After building the phrase corpus, semantic deduplication should be applied at query-time. If semantically similar phrases have been marked with a shared label during the corpus building process as suggested, these labels can be used to deduplicate during query time. Only one phrase with the same label should be displayed.
If smart autocomplete is only used as a typeahead feature, it can be tempting to allow the match only from the beginning of a suggestion phrase, like matching “shoe rack” for “shoe”, but not “women shoes”, but this simplistic approach should not be used. Users increasingly use the search bar for interactive suggestions, which can be accommodated by smart autocomplete:
As a starting point, a “bag of words” approach is recommended. Both the query and suggestion phrase tokens are handled irrespective of their order.
This approach is good enough for the majority of cases, but can be improved using advanced ranking techniques discussed in the next section.
The most obvious approach is to rank suggested phrases by the number of search events, which works fairly well. There are, however, a few issues which must be addressed to improve it’s base behaviour:
The “bag of words” matching model works reasonably well, but it has issues in some particular cases
Middle tokens of a of multi-token named entity might be erroneously ranked too high. For example, “deck” is more likely to indicate an interest in “deck furniture”, even if “black & decker” is more popular.
As another example, “for” more likely indicates interest in “formal dresses”, even if “dress for women” is more popular.
It is possible to match such multi-word phrases where other semantics exists for a different order of the same words. For example, “dress shi” is more likely to indicate an interest in “dress shirt”, even if “shirt dress” is more popular.
Resolution of such issues may require advanced techniques such as the Learn-to-rank approach or entity tagger, used to tag entity phrases. These entity phrases can then have rank prioritized based on word placement within the phrase. These concepts are beyond the scope of this blog post, and may be discussed in a future blog post.
There are other ranking techniques that can make smart autocomplete ranking more accurate.
Geographic segmentation, or considering the users geographic location can improve ranking results. A user in Florida typing “snow” is more likely to be interested in “snow cone” than “snow blower”.
Taking into account the user’s location on the website, can affect phrase ranking.
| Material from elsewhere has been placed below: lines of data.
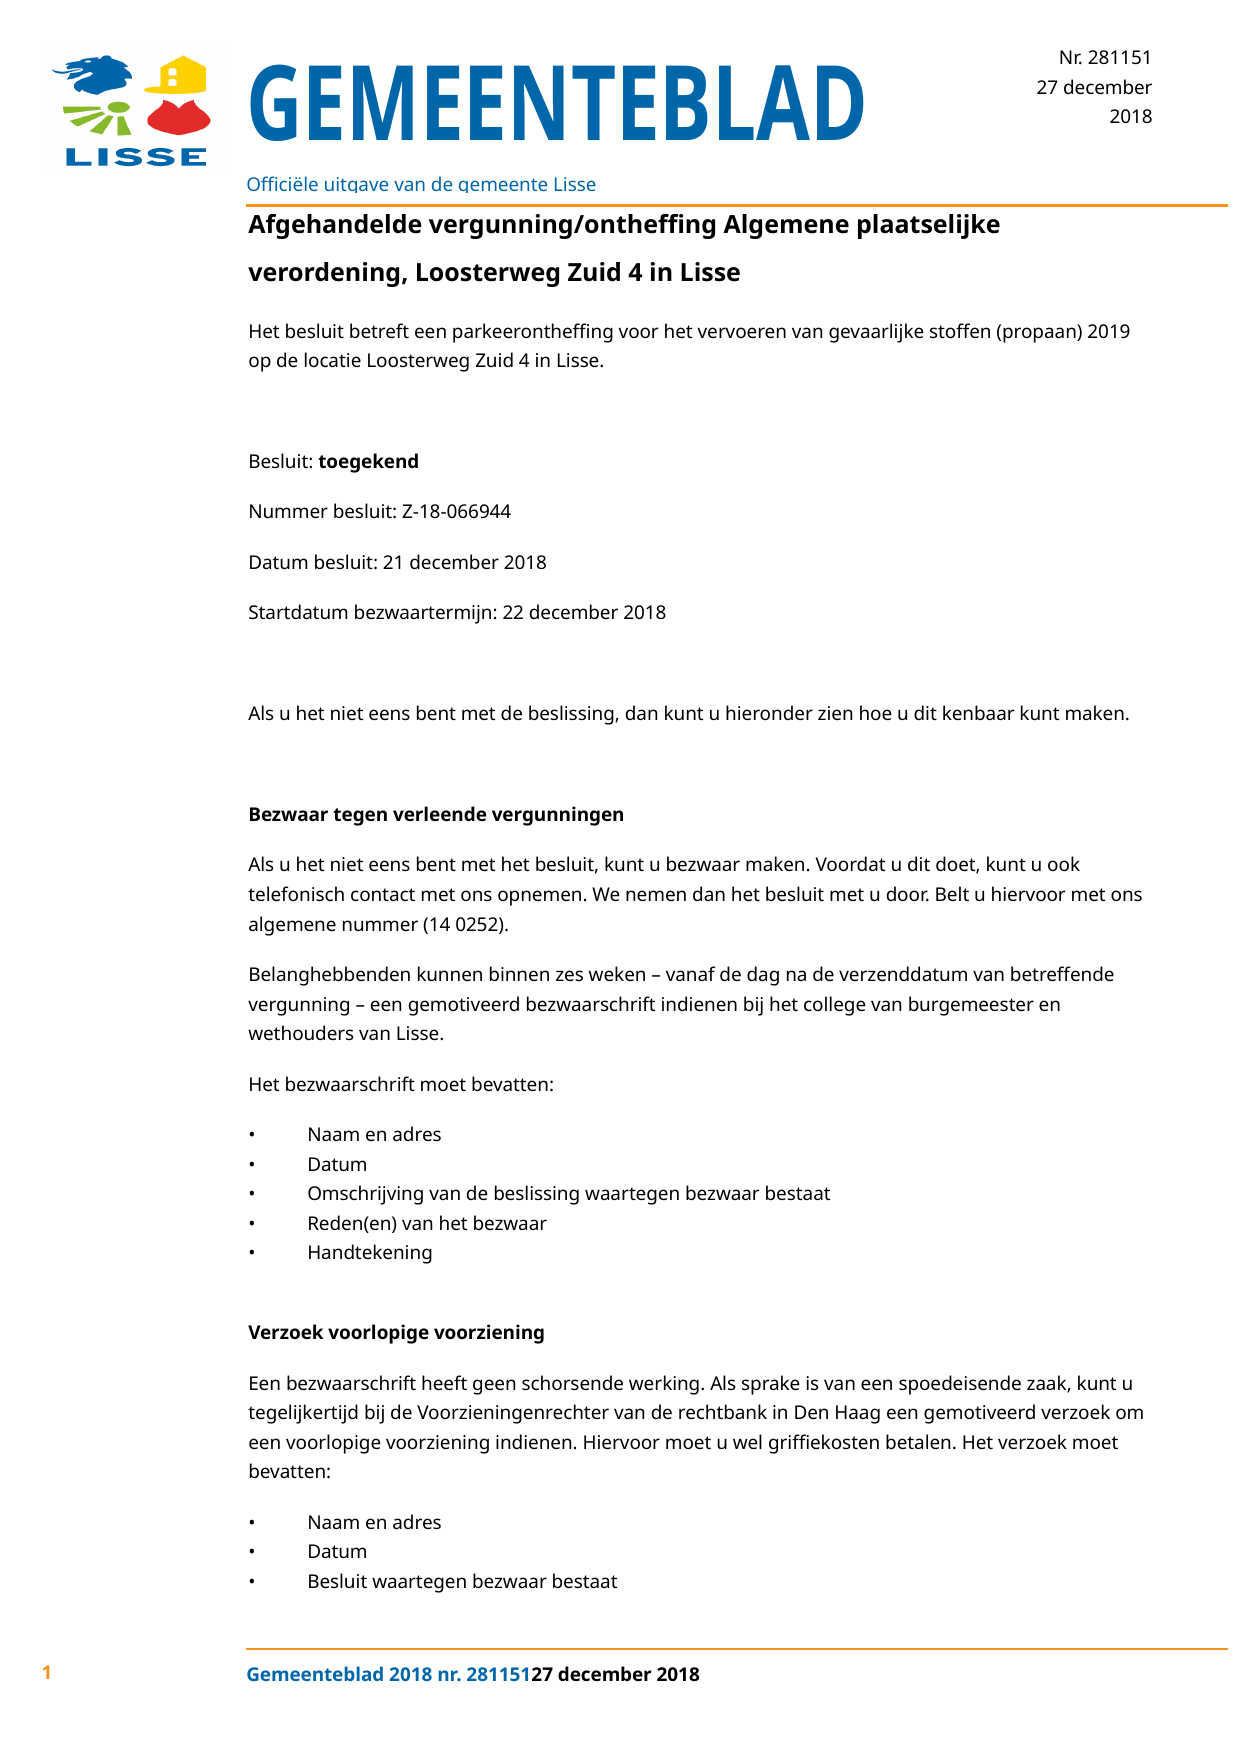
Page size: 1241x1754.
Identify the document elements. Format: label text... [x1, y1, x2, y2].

text Besluit: toegekend [248, 448, 1152, 474]
list Reden(en) van het bezwaar [248, 1210, 1152, 1236]
text Nummer besluit: Z-18-066944 [248, 499, 1152, 524]
text Als u het niet eens bent met het besluit, kunt u bezwaar maken. Voordat u dit doet, kunt u ook telefonisch contact met ons opnemen. We nemen dan het besluit met u door. Belt u hiervoor met ons algemene nummer (14 0252). [248, 852, 1152, 937]
list Datum [248, 1151, 1152, 1177]
text Bezwaar tegen verleende vergunningen [248, 801, 1152, 827]
text Verzoek voorlopige voorziening [248, 1319, 1152, 1345]
picture [41, 47, 231, 172]
text Afgehandelde vergunning/ontheffing Algemene plaatselijke verordening, Loosterweg Zuid 4 in Lisse [248, 207, 1152, 288]
list Handtekening [248, 1239, 1152, 1265]
text Als u het niet eens bent met de beslissing, dan kunt u hieronder zien hoe u dit kenbaar kunt maken. [248, 700, 1152, 726]
list Naam en adres [248, 1121, 1152, 1147]
text Het bezwaarschrift moet bevatten: [248, 1071, 1152, 1097]
list Omschrijving van de beslissing waartegen bezwaar bestaat [248, 1180, 1152, 1206]
text Een bezwaarschrift heeft geen schorsende werking. Als sprake is van een spoedeisende zaak, kunt u tegelijkertijd bij de Voorzieningenrechter van de rechtbank in Den Haag een gemotiveerd verzoek om een voorlopige voorziening indienen. Hiervoor moet u wel griffiekosten betalen. Het verzoek moet bevatten: [248, 1370, 1152, 1484]
list Datum [248, 1539, 1152, 1564]
list Besluit waartegen bezwaar bestaat [248, 1568, 1152, 1594]
text Datum besluit: 21 december 2018 [248, 549, 1152, 575]
text Startdatum bezwaartermijn: 22 december 2018 [248, 599, 1152, 625]
list Naam en adres [248, 1509, 1152, 1535]
text Belanghebbenden kunnen binnen zes weken – vanaf de dag na de verzenddatum van betreffende vergunning – een gemotiveerd bezwaarschrift indienen bij het college van burgemeester en wethouders van Lisse. [248, 961, 1152, 1046]
text Het besluit betreft een parkeerontheffing voor het vervoeren van gevaarlijke stoffen (propaan) 2019 op de locatie Loosterweg Zuid 4 in Lisse. [248, 318, 1152, 373]

For example, a user typing in “Calvin Klein” while in the menswear section. is more likely to be interested in Calvin Klein shirts, rather than Calvin Klein skincare.
Implement highlighting of the displayed suggested phrases indicates which part of the phrase was actually input by the user. The display should highlight all of the matches of the “bag of words” model.
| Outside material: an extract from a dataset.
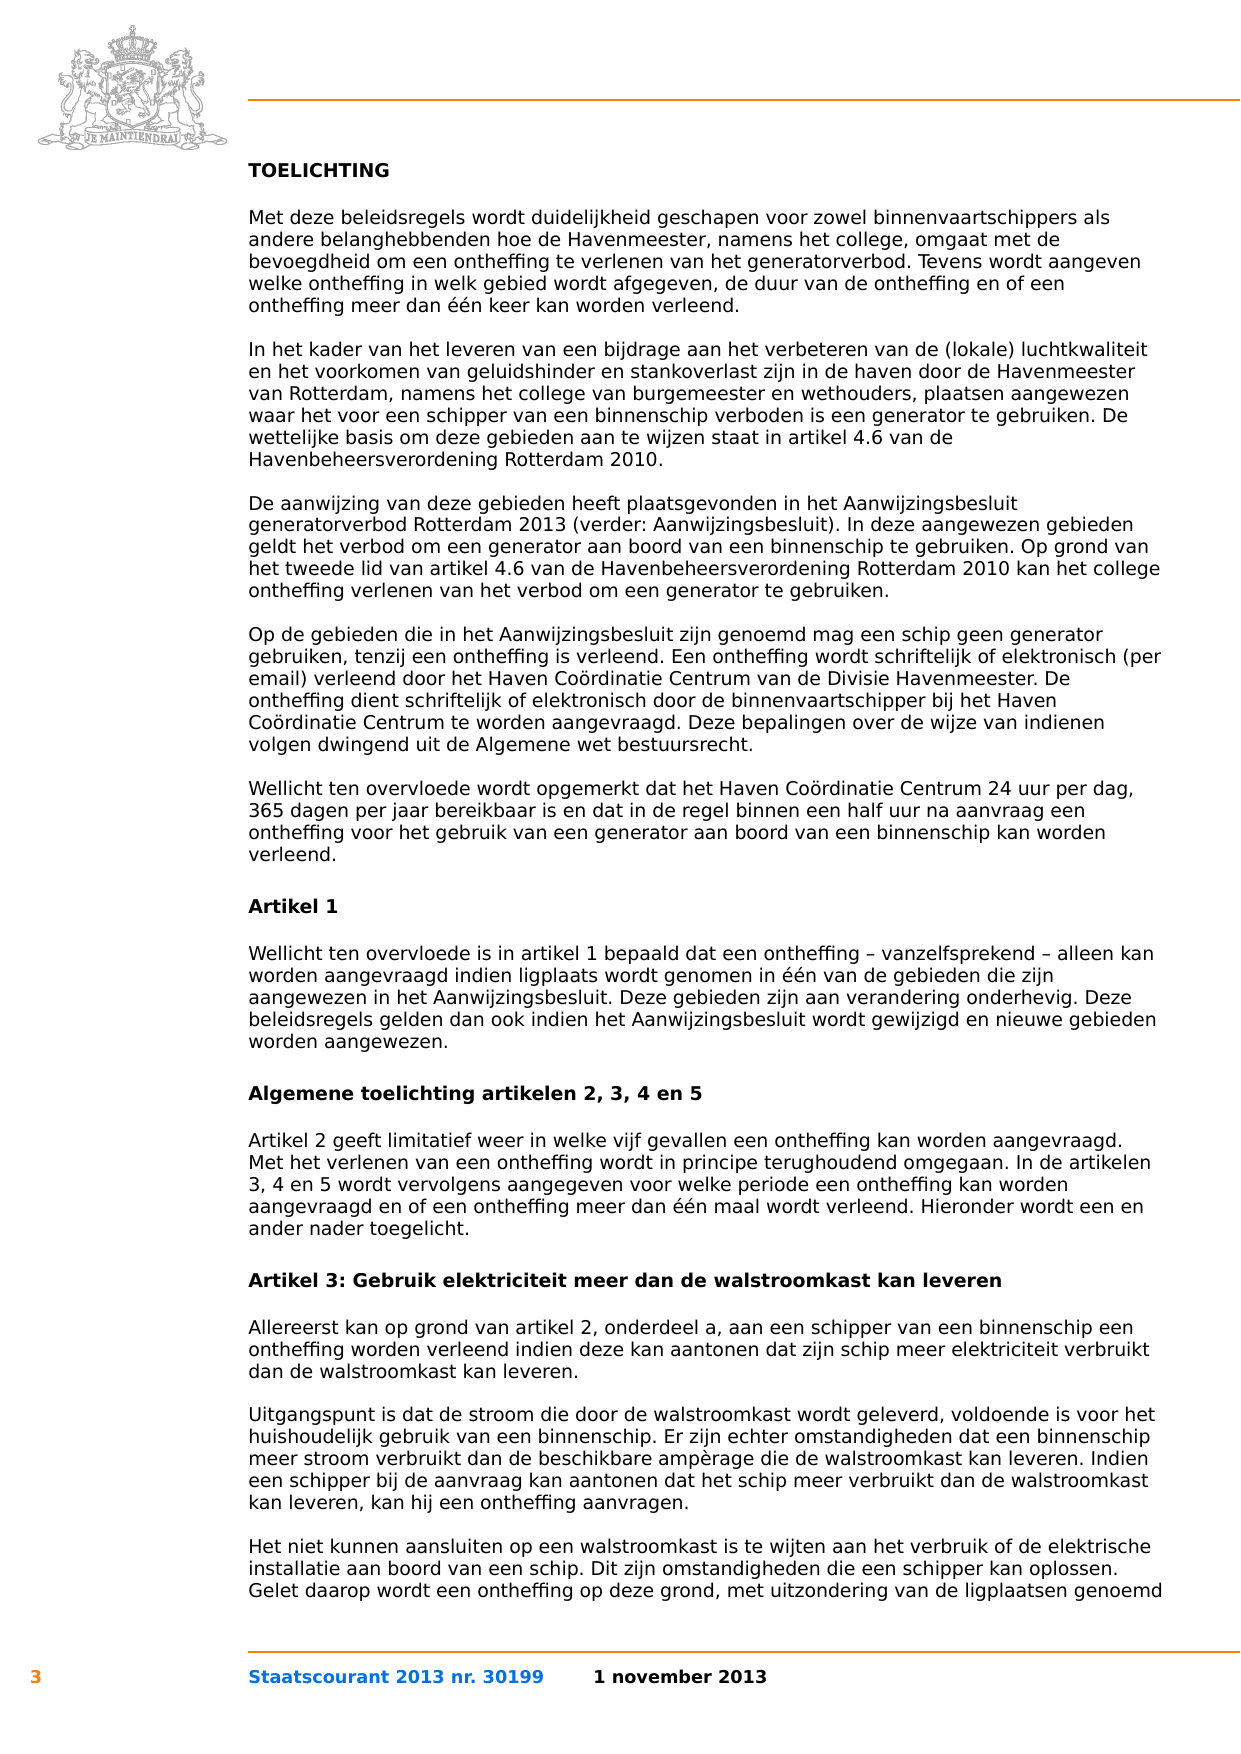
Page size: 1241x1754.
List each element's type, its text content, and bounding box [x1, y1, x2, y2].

Allow your customers to interact with the suggestions list using a keyboard:
While a user navigates through the suggestion list using a keyboard, instant search can show the top few products for a currently selected suggestion. This can be used to make a shortcut from product discovery directly to checkout. It also gives the opportunity to explain meanings of suggested phrases. For example, if a user is searching “refrigerators”, autosuggest can list “french door refrigerators” - which may also include a drawing of a french door refrigerator, so the user understands its meaning.
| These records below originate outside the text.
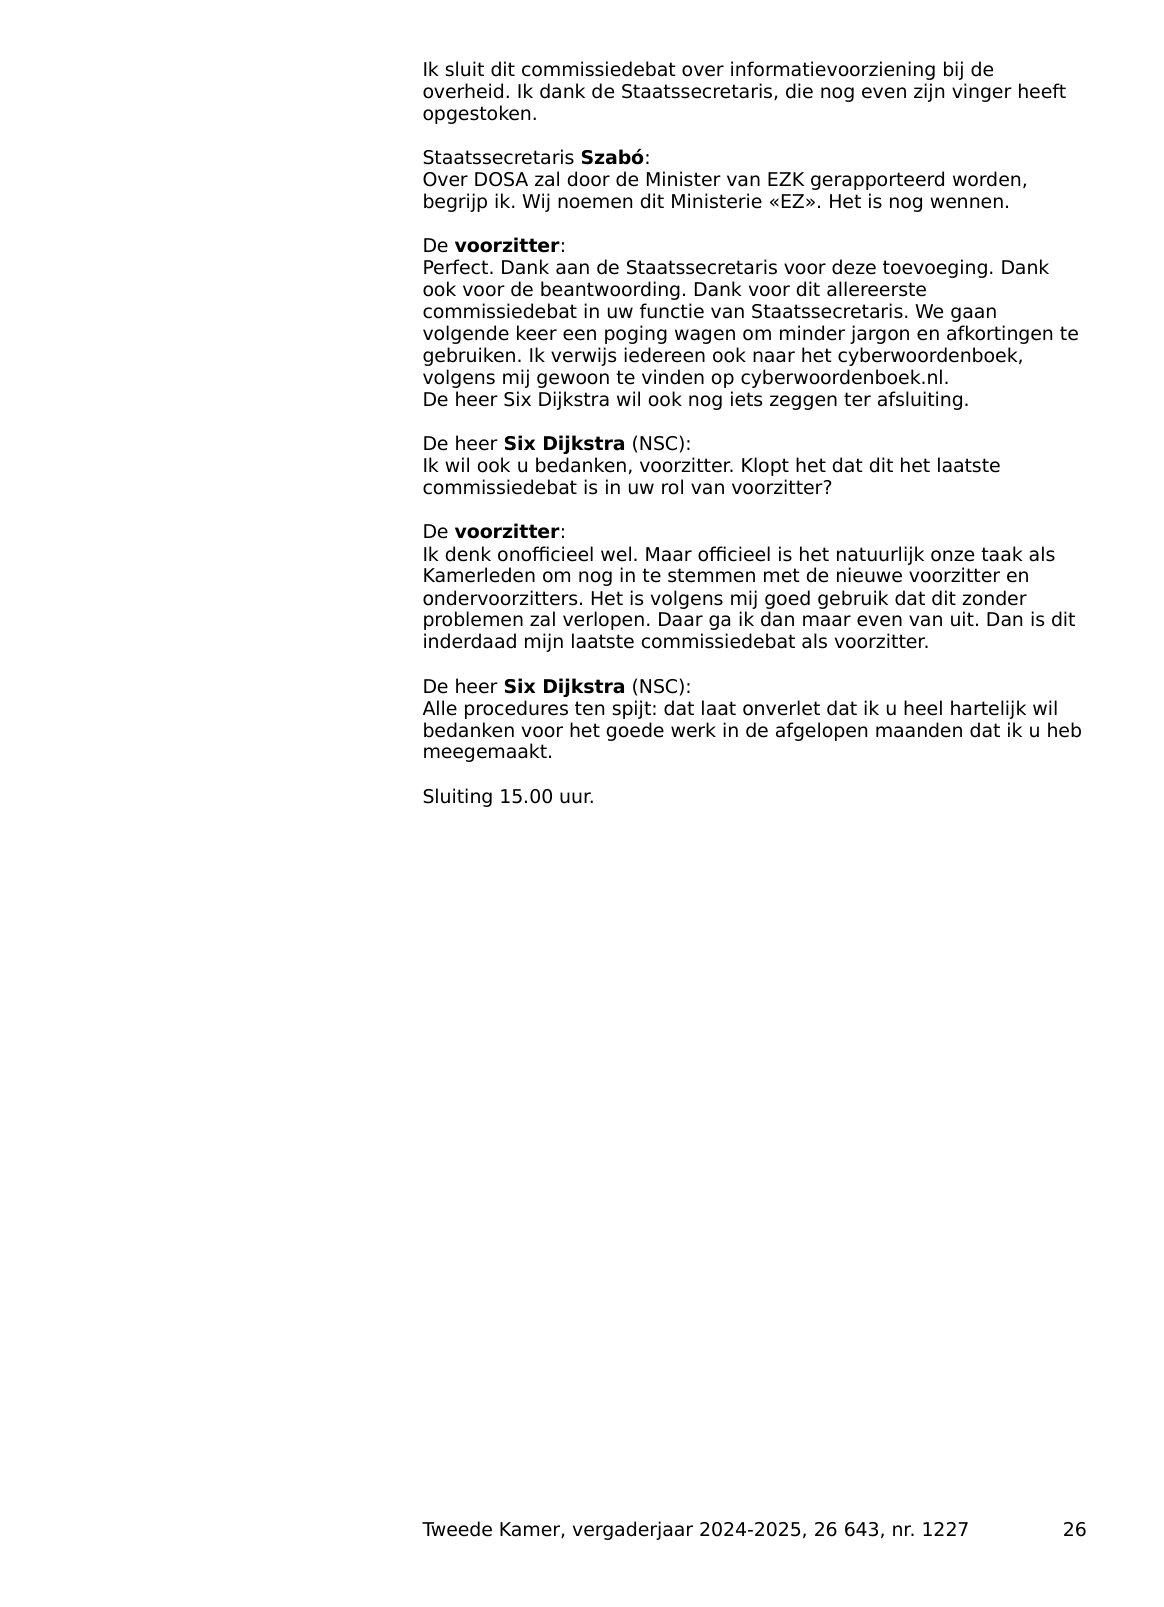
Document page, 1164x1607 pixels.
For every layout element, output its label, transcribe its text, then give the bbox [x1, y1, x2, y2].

text Ik denk onofficieel wel. Maar officieel is het natuurlijk onze taak als Kamerleden om nog in te stemmen met de nieuwe voorzitter en ondervoorzitters. Het is volgens mij goed gebruik dat dit zonder problemen zal verlopen. Daar ga ik dan maar even van uit. Dan is dit inderdaad mijn laatste commissiedebat als voorzitter. [422, 543, 1087, 653]
text De heer Six Dijkstra (NSC): [422, 433, 1087, 455]
text De voorzitter: [422, 235, 1087, 257]
text Alle procedures ten spijt: dat laat onverlet dat ik u heel hartelijk wil bedanken voor het goede werk in de afgelopen maanden dat ik u heb meegemaakt. [422, 697, 1087, 763]
text Ik wil ook u bedanken, voorzitter. Klopt het dat dit het laatste commissiedebat is in uw rol van voorzitter? [422, 455, 1087, 499]
text Staatssecretaris Szabó: [422, 147, 1087, 169]
text Sluiting 15.00 uur. [422, 786, 1087, 808]
text Over DOSA zal door de Minister van EZK gerapporteerd worden, begrijp ik. Wij noemen dit Ministerie «EZ». Het is nog wennen. [422, 169, 1087, 213]
text De heer Six Dijkstra (NSC): [422, 676, 1087, 697]
text De heer Six Dijkstra wil ook nog iets zeggen ter afsluiting. [422, 389, 1087, 411]
text De voorzitter: [422, 521, 1087, 543]
text Ik sluit dit commissiedebat over informatievoorziening bij de overheid. Ik dank de Staatssecretaris, die nog even zijn vinger heeft opgestoken. [422, 59, 1087, 125]
text Perfect. Dank aan de Staatssecretaris voor deze toevoeging. Dank ook voor de beantwoording. Dank voor dit allereerste commissiedebat in uw functie van Staatssecretaris. We gaan volgende keer een poging wagen om minder jargon en afkortingen te gebruiken. Ik verwijs iedereen ook naar het cyberwoordenboek, volgens mij gewoon te vinden op cyberwoordenboek.nl. [422, 257, 1087, 389]

Smart autocomplete, or autosuggest, can be a powerful discovery tool when implemented correctly. This blog post introduces smart autocomplete, and how it can improve your search experience. It also explains how to build a phrase corpus from a customer search log approach, and then demonstrates smart autocomplete best practices in displaying and ranking suggestions for a user query.
Overall, retailers need a smart autocomplete solution to anticipate a customer’s search intent, and provide useful suggestions. These suggestions will help guide the customer through the product discovery experience, and remove barriers to finding new products online. Investing in these features will consistently improve online conversion rates, and the size of online shopping carts, especially on mobile devices. Given the high impact from this feature, retailers with a large online catalog are essentially leaving money on the table without a powerful smart autocomplete solution.